一日一言 新渡戸稲造【053】
一日一言 新渡戸稲造【052】のつづき。
☆1月23日 異説を容れよ
議論することや信ずることが自分とは正反対であっても、誠に真理を求める者は皆兄弟であり、皆同士であり、その者たちは必ず同じ夢を見るときがあるであろう。・・・・・・
☆理念とは夢でもある。理念とは基準でもある。ルールとは現実を裁定するが、未来を方向づけるものでもある。
☆刑法も、応報型なのか目的型なのかでは、ルールの価値観が違ってくる。

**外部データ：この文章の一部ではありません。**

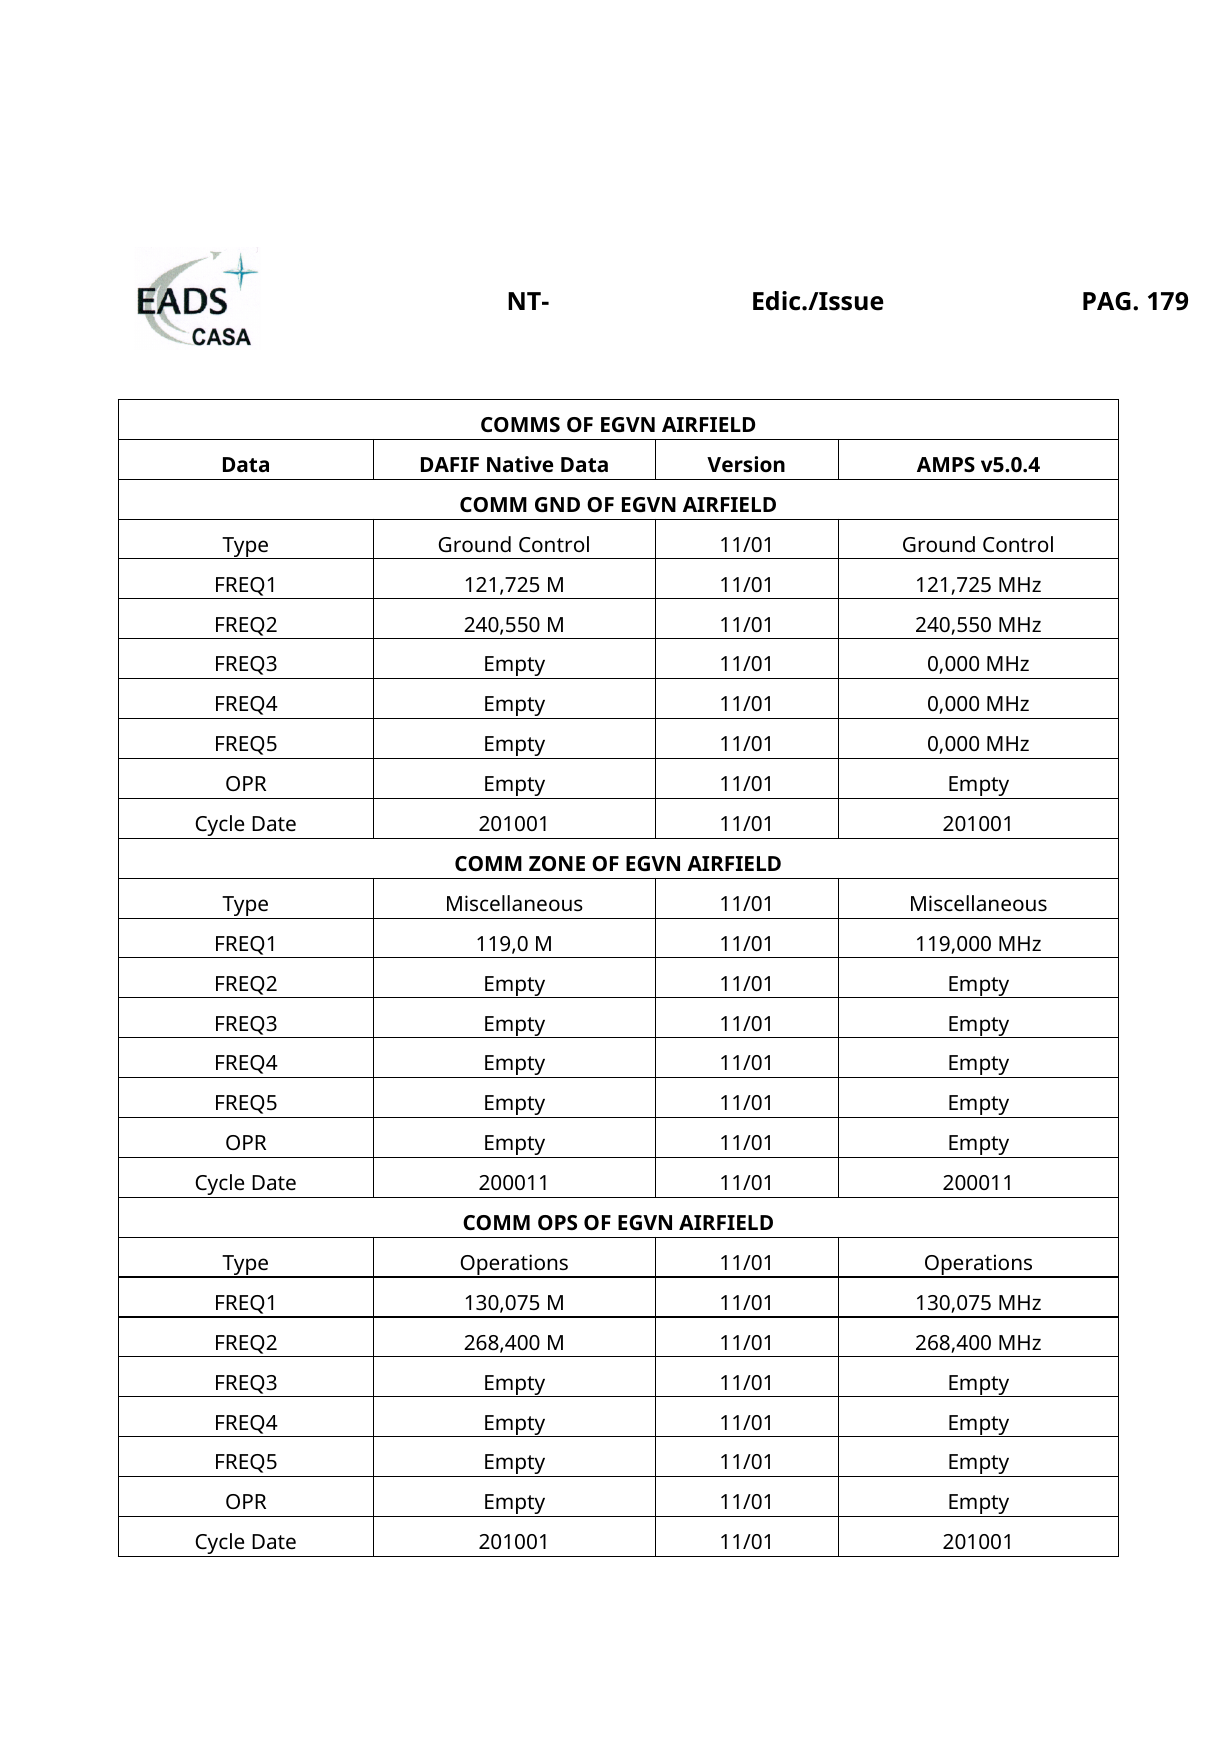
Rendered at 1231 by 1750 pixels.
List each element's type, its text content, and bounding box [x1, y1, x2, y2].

table_cell FREQ1 [119, 559, 373, 598]
table_cell 11/01 [656, 1038, 838, 1077]
table_cell COMM GND OF EGVN AIRFIELD [119, 480, 1118, 518]
table_cell FREQ1 [119, 919, 373, 957]
table_cell 240,550 MHz [839, 599, 1118, 638]
table_cell Empty [839, 1118, 1118, 1157]
table_cell Operations [839, 1238, 1118, 1276]
table_cell 11/01 [656, 1318, 838, 1356]
table_cell Empty [839, 1437, 1118, 1476]
table_cell Empty [374, 1437, 655, 1476]
table_cell 11/01 [656, 1278, 838, 1316]
table_cell Empty [839, 958, 1118, 997]
table_cell Data [119, 440, 373, 478]
table_cell Empty [374, 1477, 655, 1516]
table_cell 0,000 MHz [839, 719, 1118, 758]
picture [134, 247, 261, 350]
table_cell Version [656, 440, 838, 478]
table_cell FREQ1 [119, 1278, 373, 1316]
table_cell 200011 [839, 1158, 1118, 1197]
table_cell Cycle Date [119, 1517, 373, 1556]
table_cell Empty [374, 1078, 655, 1117]
table_cell COMM OPS OF EGVN AIRFIELD [119, 1198, 1118, 1237]
table_cell 11/01 [656, 1357, 838, 1396]
table_cell Type [119, 879, 373, 917]
table_cell Cycle Date [119, 799, 373, 838]
table_cell 11/01 [656, 1238, 838, 1276]
table_cell 11/01 [656, 1477, 838, 1516]
table_cell Operations [374, 1238, 655, 1276]
table_cell 201001 [839, 1517, 1118, 1556]
table_cell FREQ5 [119, 1078, 373, 1117]
table_cell Empty [374, 759, 655, 798]
table_cell 11/01 [656, 1158, 838, 1197]
table_cell 119,0 M [374, 919, 655, 957]
table_cell FREQ4 [119, 1038, 373, 1077]
table_cell Empty [374, 958, 655, 997]
table_cell 11/01 [656, 559, 838, 598]
table_cell Empty [374, 639, 655, 678]
table_cell 11/01 [656, 799, 838, 838]
table_cell 11/01 [656, 1397, 838, 1436]
table_cell 11/01 [656, 1078, 838, 1117]
table_cell FREQ5 [119, 1437, 373, 1476]
table_cell FREQ3 [119, 998, 373, 1037]
table_cell 11/01 [656, 1118, 838, 1157]
table_cell 11/01 [656, 639, 838, 678]
table_cell 201001 [374, 799, 655, 838]
table_cell 11/01 [656, 520, 838, 558]
table_cell 201001 [374, 1517, 655, 1556]
table_cell FREQ2 [119, 958, 373, 997]
table_cell DAFIF Native Data [374, 440, 655, 478]
table_cell Miscellaneous [839, 879, 1118, 917]
table_cell OPR [119, 759, 373, 798]
table_cell Ground Control [374, 520, 655, 558]
table_cell Ground Control [839, 520, 1118, 558]
table_cell FREQ2 [119, 1318, 373, 1356]
table_cell FREQ5 [119, 719, 373, 758]
table_cell 268,400 MHz [839, 1318, 1118, 1356]
table_cell FREQ2 [119, 599, 373, 638]
table_cell 11/01 [656, 759, 838, 798]
table_cell FREQ3 [119, 639, 373, 678]
table_cell 11/01 [656, 919, 838, 957]
table_cell 0,000 MHz [839, 639, 1118, 678]
table_cell Empty [839, 1357, 1118, 1396]
table_cell Empty [374, 998, 655, 1037]
table_cell Empty [374, 679, 655, 718]
table_cell 11/01 [656, 1517, 838, 1556]
table_cell AMPS v5.0.4 [839, 440, 1118, 478]
table_cell 130,075 MHz [839, 1278, 1118, 1316]
table_cell Empty [839, 1477, 1118, 1516]
table_cell 11/01 [656, 879, 838, 917]
table_cell Empty [374, 719, 655, 758]
table_cell 11/01 [656, 599, 838, 638]
table_cell 11/01 [656, 719, 838, 758]
table_cell 11/01 [656, 679, 838, 718]
table_cell 240,550 M [374, 599, 655, 638]
table_cell 130,075 M [374, 1278, 655, 1316]
table_cell Empty [839, 1078, 1118, 1117]
table_header COMMS OF EGVN AIRFIELD [119, 400, 1118, 439]
table_cell Empty [839, 1397, 1118, 1436]
table_cell 11/01 [656, 1437, 838, 1476]
table_cell Cycle Date [119, 1158, 373, 1197]
table_cell FREQ3 [119, 1357, 373, 1396]
table_cell 11/01 [656, 958, 838, 997]
table_cell Empty [374, 1118, 655, 1157]
table_cell 121,725 MHz [839, 559, 1118, 598]
table_cell 119,000 MHz [839, 919, 1118, 957]
table_cell COMM ZONE OF EGVN AIRFIELD [119, 839, 1118, 877]
table_cell Empty [839, 998, 1118, 1037]
table_cell Empty [374, 1357, 655, 1396]
table_cell Type [119, 1238, 373, 1276]
table_cell Empty [839, 1038, 1118, 1077]
table_cell FREQ4 [119, 679, 373, 718]
table_cell Empty [374, 1397, 655, 1436]
table_cell Type [119, 520, 373, 558]
table_cell Empty [839, 759, 1118, 798]
table_cell 200011 [374, 1158, 655, 1197]
table_cell OPR [119, 1477, 373, 1516]
table_cell 201001 [839, 799, 1118, 838]
table_cell Miscellaneous [374, 879, 655, 917]
table_cell FREQ4 [119, 1397, 373, 1436]
table_cell Empty [374, 1038, 655, 1077]
table_cell 11/01 [656, 998, 838, 1037]
table_cell OPR [119, 1118, 373, 1157]
table_cell 121,725 M [374, 559, 655, 598]
table_cell 268,400 M [374, 1318, 655, 1356]
table_cell 0,000 MHz [839, 679, 1118, 718]

税金も義務なのか相互利益なのかでは、やはり租税体系が変わる。
☆新渡戸稲造の新しさは、現行のルール観が、応報的で義務的な考え方によっていることに対し、目的型で相互利益型でいこうよと問いかけているところにあるのかもしれない。
☆つまり、法は法でありそれ以上でもそれ以下でもないから、犯罪を犯したり、違法を犯したりしたら、ルール通り処罰されるべきだし、損害を支払うべきだという考え方なのが、現行のルール観。
☆犯罪を犯したのは社会的構造に問題があり、そこを改革しなければならない。もちろん犯罪や違法行為に対し、ペナルティを与えるが、それは将来そのような行為を犯さないように教育をする視点やそのようなシステム構築をベースにしたうえだという考え方。
☆近代法が出現した時から、この両者の考え方はずっと葛藤を起こし続けている。これはジレンマという言葉で表現されることもある。
☆今のところは、両者の統一というよりは、その都度バランスをとってきた。これは続くだろうが、どちらかというと前者を好むというのは官学的。後者を好むというのは私学的である。